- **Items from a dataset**
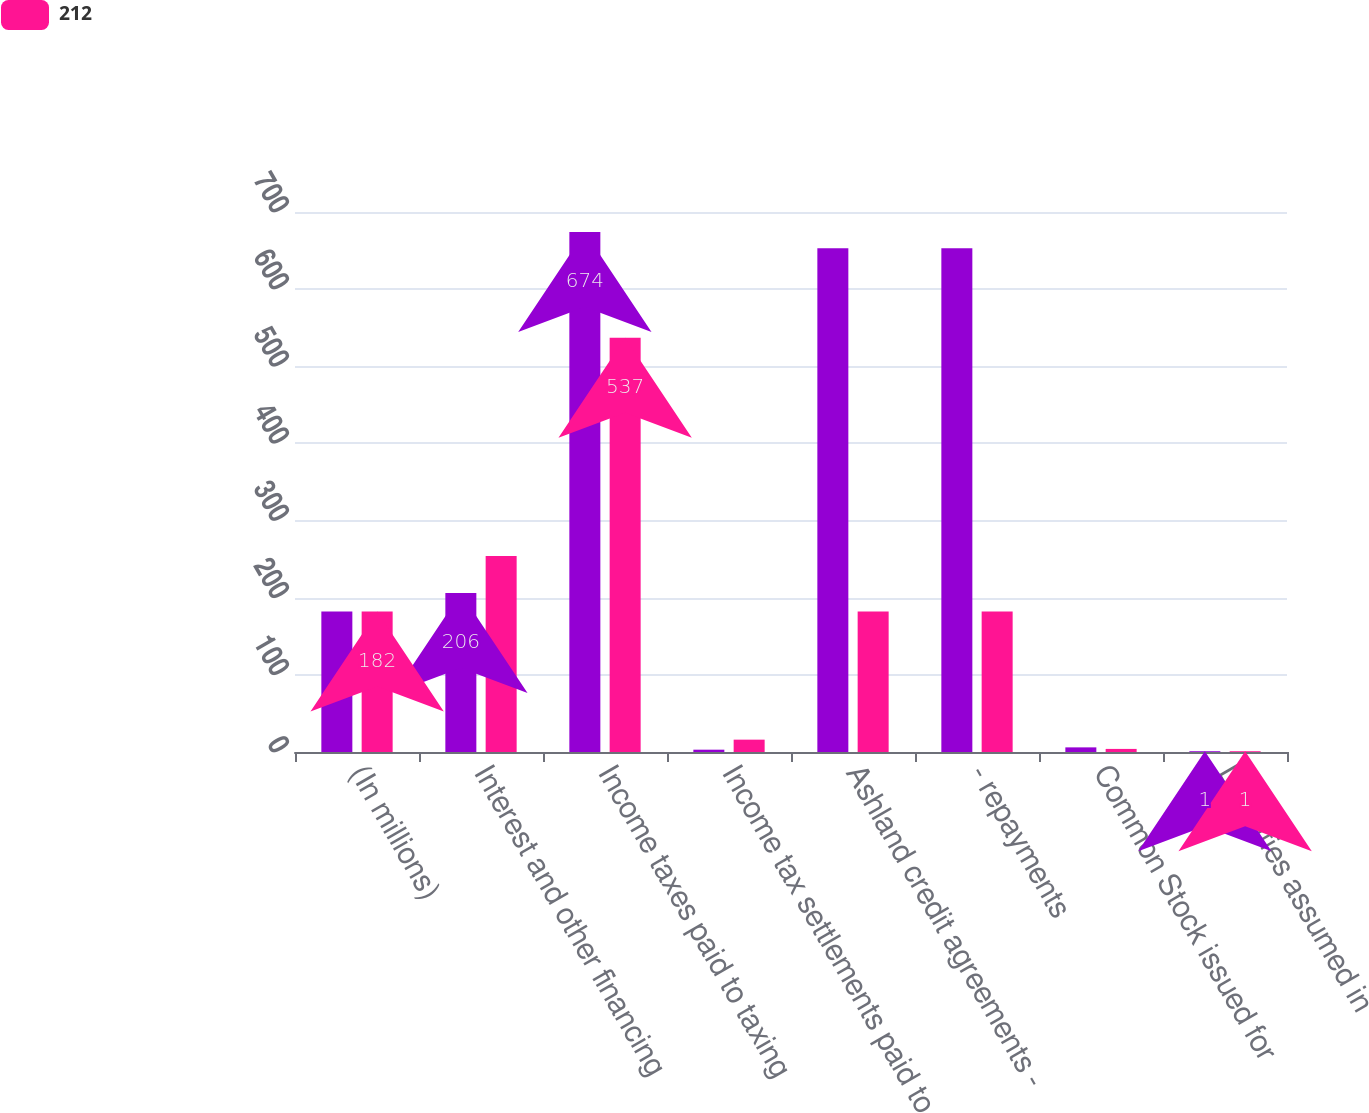Convert chart. <chart><loc_0><loc_0><loc_500><loc_500><stacked_bar_chart><ecel><fcel>(In millions)<fcel>Interest and other financing<fcel>Income taxes paid to taxing<fcel>Income tax settlements paid to<fcel>Ashland credit agreements -<fcel>- repayments<fcel>Common Stock issued for<fcel>Liabilities assumed in<nl><fcel>nan<fcel>182<fcel>206<fcel>674<fcel>3<fcel>653<fcel>653<fcel>6<fcel>1<nl><fcel>212<fcel>182<fcel>254<fcel>537<fcel>16<fcel>182<fcel>182<fcel>4<fcel>1<nl></chart> 
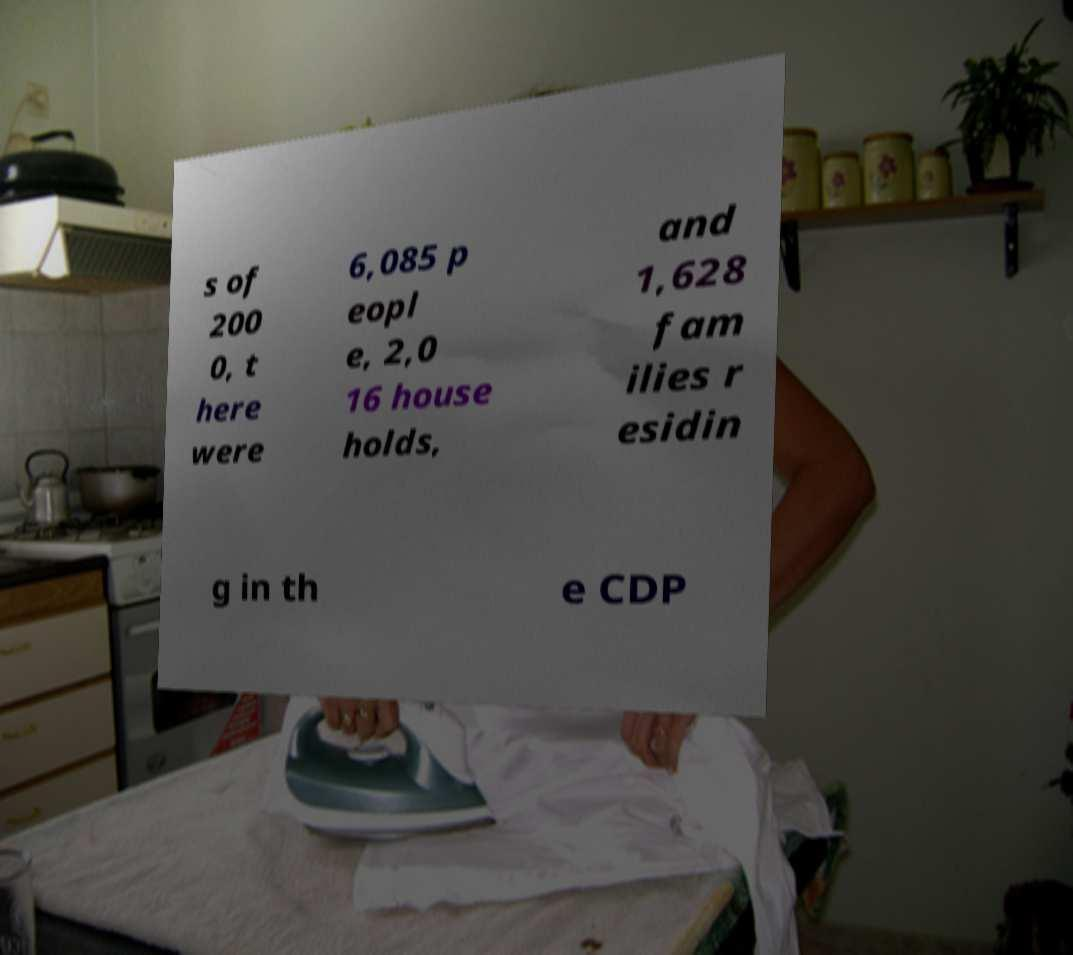For documentation purposes, I need the text within this image transcribed. Could you provide that? s of 200 0, t here were 6,085 p eopl e, 2,0 16 house holds, and 1,628 fam ilies r esidin g in th e CDP 
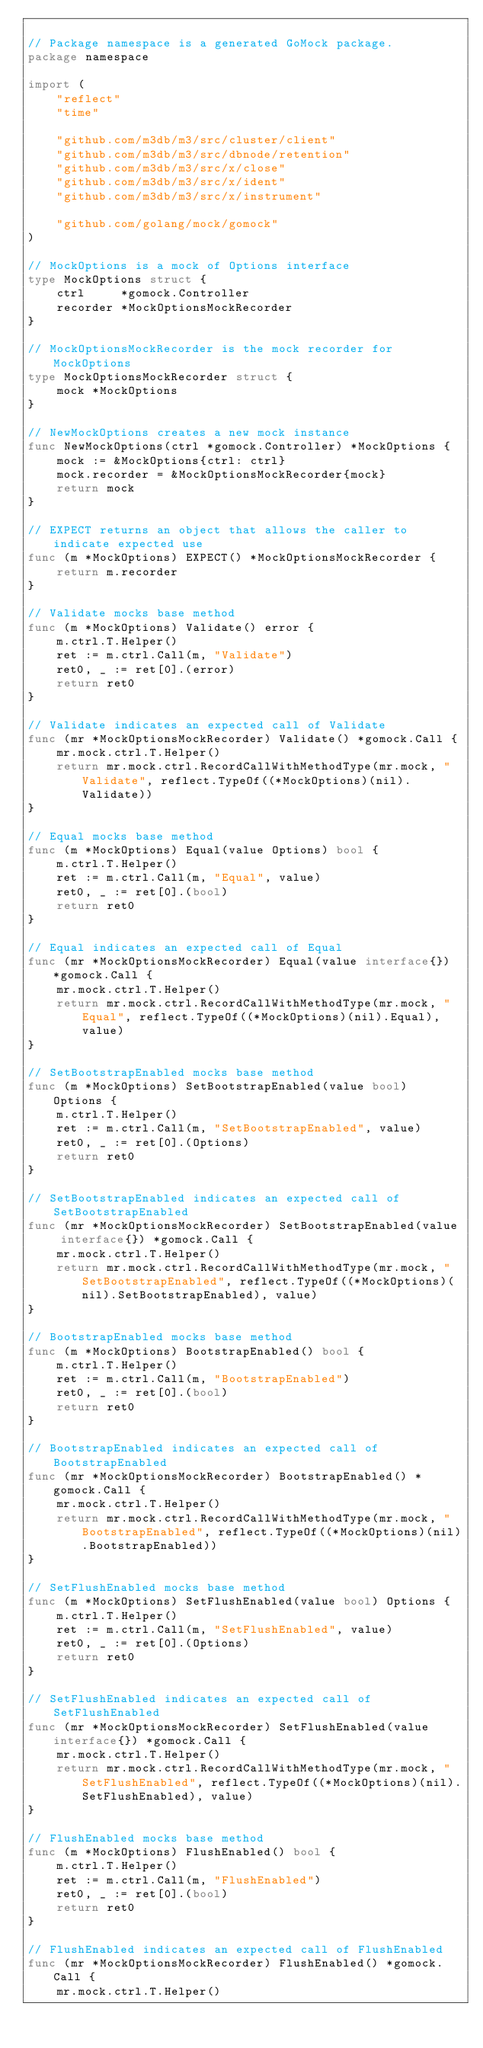<code> <loc_0><loc_0><loc_500><loc_500><_Go_>
// Package namespace is a generated GoMock package.
package namespace

import (
	"reflect"
	"time"

	"github.com/m3db/m3/src/cluster/client"
	"github.com/m3db/m3/src/dbnode/retention"
	"github.com/m3db/m3/src/x/close"
	"github.com/m3db/m3/src/x/ident"
	"github.com/m3db/m3/src/x/instrument"

	"github.com/golang/mock/gomock"
)

// MockOptions is a mock of Options interface
type MockOptions struct {
	ctrl     *gomock.Controller
	recorder *MockOptionsMockRecorder
}

// MockOptionsMockRecorder is the mock recorder for MockOptions
type MockOptionsMockRecorder struct {
	mock *MockOptions
}

// NewMockOptions creates a new mock instance
func NewMockOptions(ctrl *gomock.Controller) *MockOptions {
	mock := &MockOptions{ctrl: ctrl}
	mock.recorder = &MockOptionsMockRecorder{mock}
	return mock
}

// EXPECT returns an object that allows the caller to indicate expected use
func (m *MockOptions) EXPECT() *MockOptionsMockRecorder {
	return m.recorder
}

// Validate mocks base method
func (m *MockOptions) Validate() error {
	m.ctrl.T.Helper()
	ret := m.ctrl.Call(m, "Validate")
	ret0, _ := ret[0].(error)
	return ret0
}

// Validate indicates an expected call of Validate
func (mr *MockOptionsMockRecorder) Validate() *gomock.Call {
	mr.mock.ctrl.T.Helper()
	return mr.mock.ctrl.RecordCallWithMethodType(mr.mock, "Validate", reflect.TypeOf((*MockOptions)(nil).Validate))
}

// Equal mocks base method
func (m *MockOptions) Equal(value Options) bool {
	m.ctrl.T.Helper()
	ret := m.ctrl.Call(m, "Equal", value)
	ret0, _ := ret[0].(bool)
	return ret0
}

// Equal indicates an expected call of Equal
func (mr *MockOptionsMockRecorder) Equal(value interface{}) *gomock.Call {
	mr.mock.ctrl.T.Helper()
	return mr.mock.ctrl.RecordCallWithMethodType(mr.mock, "Equal", reflect.TypeOf((*MockOptions)(nil).Equal), value)
}

// SetBootstrapEnabled mocks base method
func (m *MockOptions) SetBootstrapEnabled(value bool) Options {
	m.ctrl.T.Helper()
	ret := m.ctrl.Call(m, "SetBootstrapEnabled", value)
	ret0, _ := ret[0].(Options)
	return ret0
}

// SetBootstrapEnabled indicates an expected call of SetBootstrapEnabled
func (mr *MockOptionsMockRecorder) SetBootstrapEnabled(value interface{}) *gomock.Call {
	mr.mock.ctrl.T.Helper()
	return mr.mock.ctrl.RecordCallWithMethodType(mr.mock, "SetBootstrapEnabled", reflect.TypeOf((*MockOptions)(nil).SetBootstrapEnabled), value)
}

// BootstrapEnabled mocks base method
func (m *MockOptions) BootstrapEnabled() bool {
	m.ctrl.T.Helper()
	ret := m.ctrl.Call(m, "BootstrapEnabled")
	ret0, _ := ret[0].(bool)
	return ret0
}

// BootstrapEnabled indicates an expected call of BootstrapEnabled
func (mr *MockOptionsMockRecorder) BootstrapEnabled() *gomock.Call {
	mr.mock.ctrl.T.Helper()
	return mr.mock.ctrl.RecordCallWithMethodType(mr.mock, "BootstrapEnabled", reflect.TypeOf((*MockOptions)(nil).BootstrapEnabled))
}

// SetFlushEnabled mocks base method
func (m *MockOptions) SetFlushEnabled(value bool) Options {
	m.ctrl.T.Helper()
	ret := m.ctrl.Call(m, "SetFlushEnabled", value)
	ret0, _ := ret[0].(Options)
	return ret0
}

// SetFlushEnabled indicates an expected call of SetFlushEnabled
func (mr *MockOptionsMockRecorder) SetFlushEnabled(value interface{}) *gomock.Call {
	mr.mock.ctrl.T.Helper()
	return mr.mock.ctrl.RecordCallWithMethodType(mr.mock, "SetFlushEnabled", reflect.TypeOf((*MockOptions)(nil).SetFlushEnabled), value)
}

// FlushEnabled mocks base method
func (m *MockOptions) FlushEnabled() bool {
	m.ctrl.T.Helper()
	ret := m.ctrl.Call(m, "FlushEnabled")
	ret0, _ := ret[0].(bool)
	return ret0
}

// FlushEnabled indicates an expected call of FlushEnabled
func (mr *MockOptionsMockRecorder) FlushEnabled() *gomock.Call {
	mr.mock.ctrl.T.Helper()</code> 
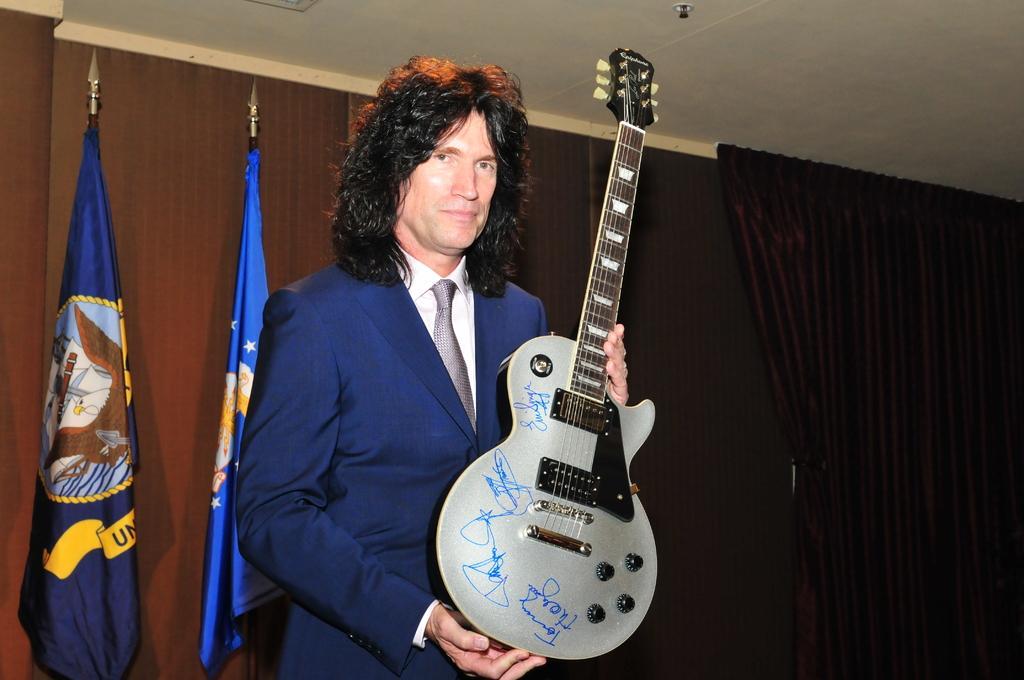How would you summarize this image in a sentence or two? The picture consists of a man wearing a blue jacket with long hair holding a guitar and back side of him there are two flags.

- **TASK DESCRIPTION**
Your response should be made up of the lines in the data that contain the word "Controller".

- **THE ANSWER**
	ctrl     *gomock.Controller
func NewMockOptions(ctrl *gomock.Controller) *MockOptions {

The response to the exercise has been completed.